┌─ Entries provided

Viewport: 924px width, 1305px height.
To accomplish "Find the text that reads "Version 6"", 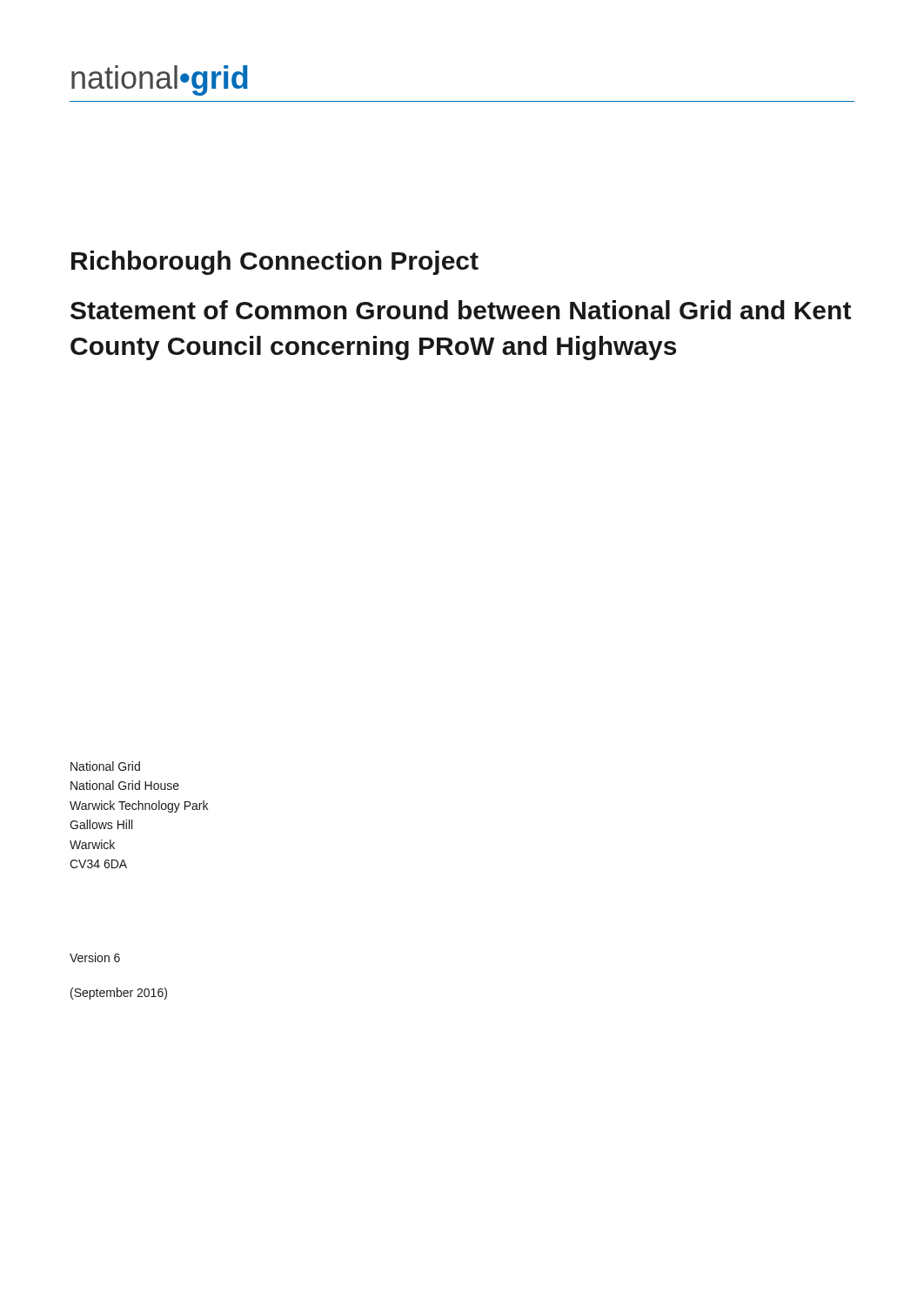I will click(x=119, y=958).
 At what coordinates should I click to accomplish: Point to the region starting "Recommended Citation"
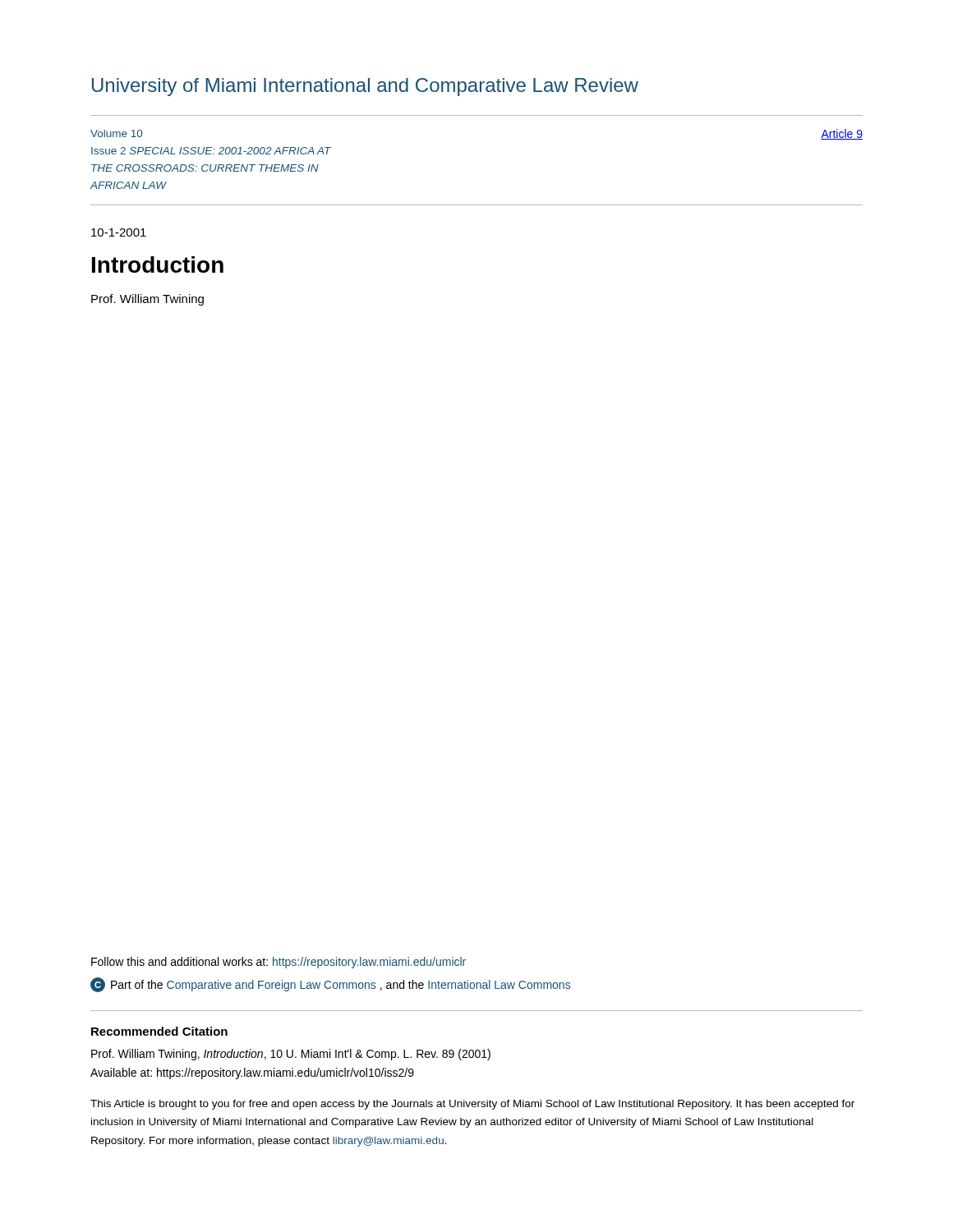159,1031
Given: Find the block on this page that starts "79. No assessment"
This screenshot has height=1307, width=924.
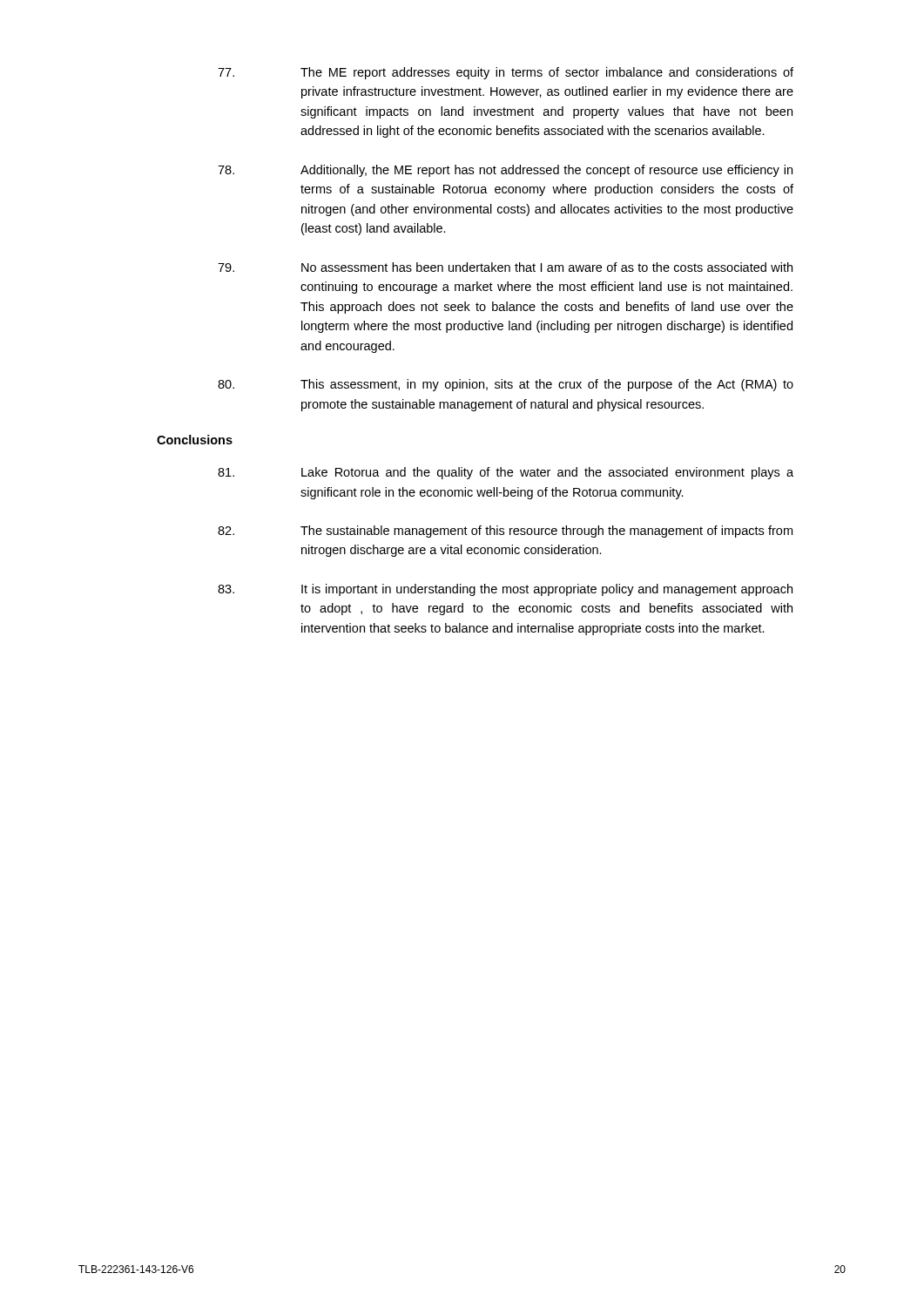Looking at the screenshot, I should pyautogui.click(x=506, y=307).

└─

• **What to produce**:
Which lines run from the one holding "At what coordinates" through the end of the records? Reproduce them word for word, both ends included, with no pictures.

• **Reply to the task**:
 At what coordinates should I click to accomplish: Point to the region starting "Recommended Citation"
159,1031
Given: Find the block on this page that starts "79. No assessment"
This screenshot has height=1307, width=924.
Looking at the screenshot, I should pyautogui.click(x=506, y=307).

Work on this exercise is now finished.